** TASK BRIEF **
Take the entries below and print only the lines from the one with "maker's nationality: german" through the one with "tags: corpses,boys,women,beds", exactly as they stand, both ends included.

Records from a collection:
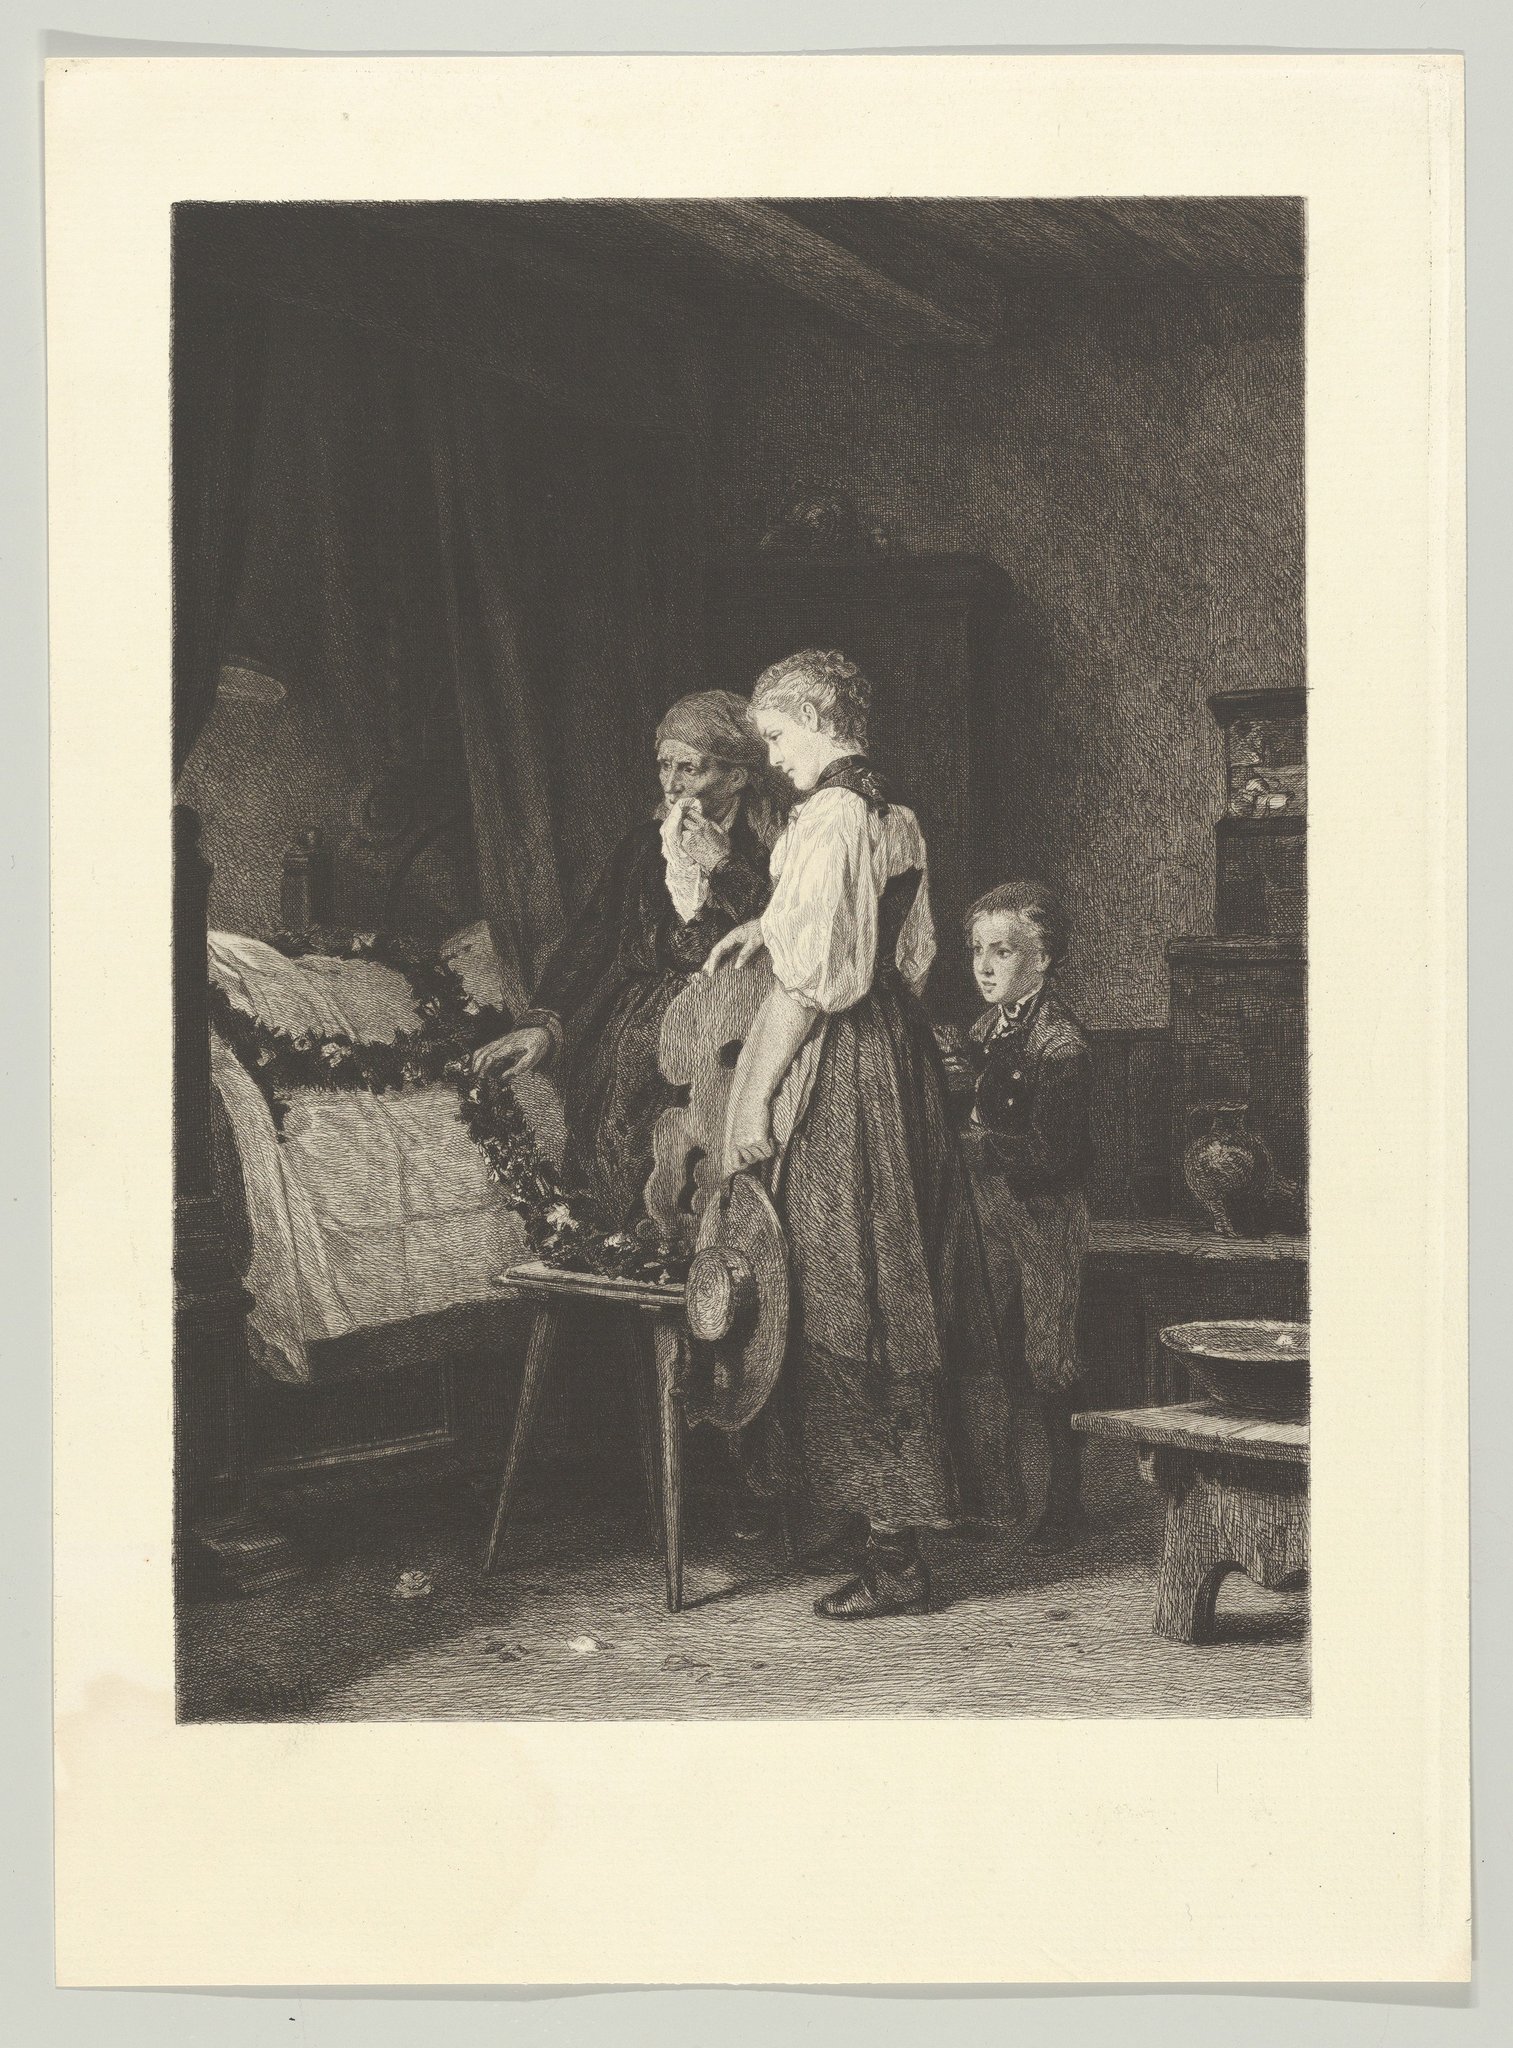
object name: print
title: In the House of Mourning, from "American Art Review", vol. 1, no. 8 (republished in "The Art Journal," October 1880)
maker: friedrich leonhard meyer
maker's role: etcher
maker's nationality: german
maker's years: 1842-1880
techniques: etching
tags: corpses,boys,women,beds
--
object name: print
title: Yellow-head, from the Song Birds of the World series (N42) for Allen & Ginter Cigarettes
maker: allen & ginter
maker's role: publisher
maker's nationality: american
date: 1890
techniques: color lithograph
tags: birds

** RESULT **
maker's nationality: german
maker's years: 1842-1880
techniques: etching
tags: corpses,boys,women,beds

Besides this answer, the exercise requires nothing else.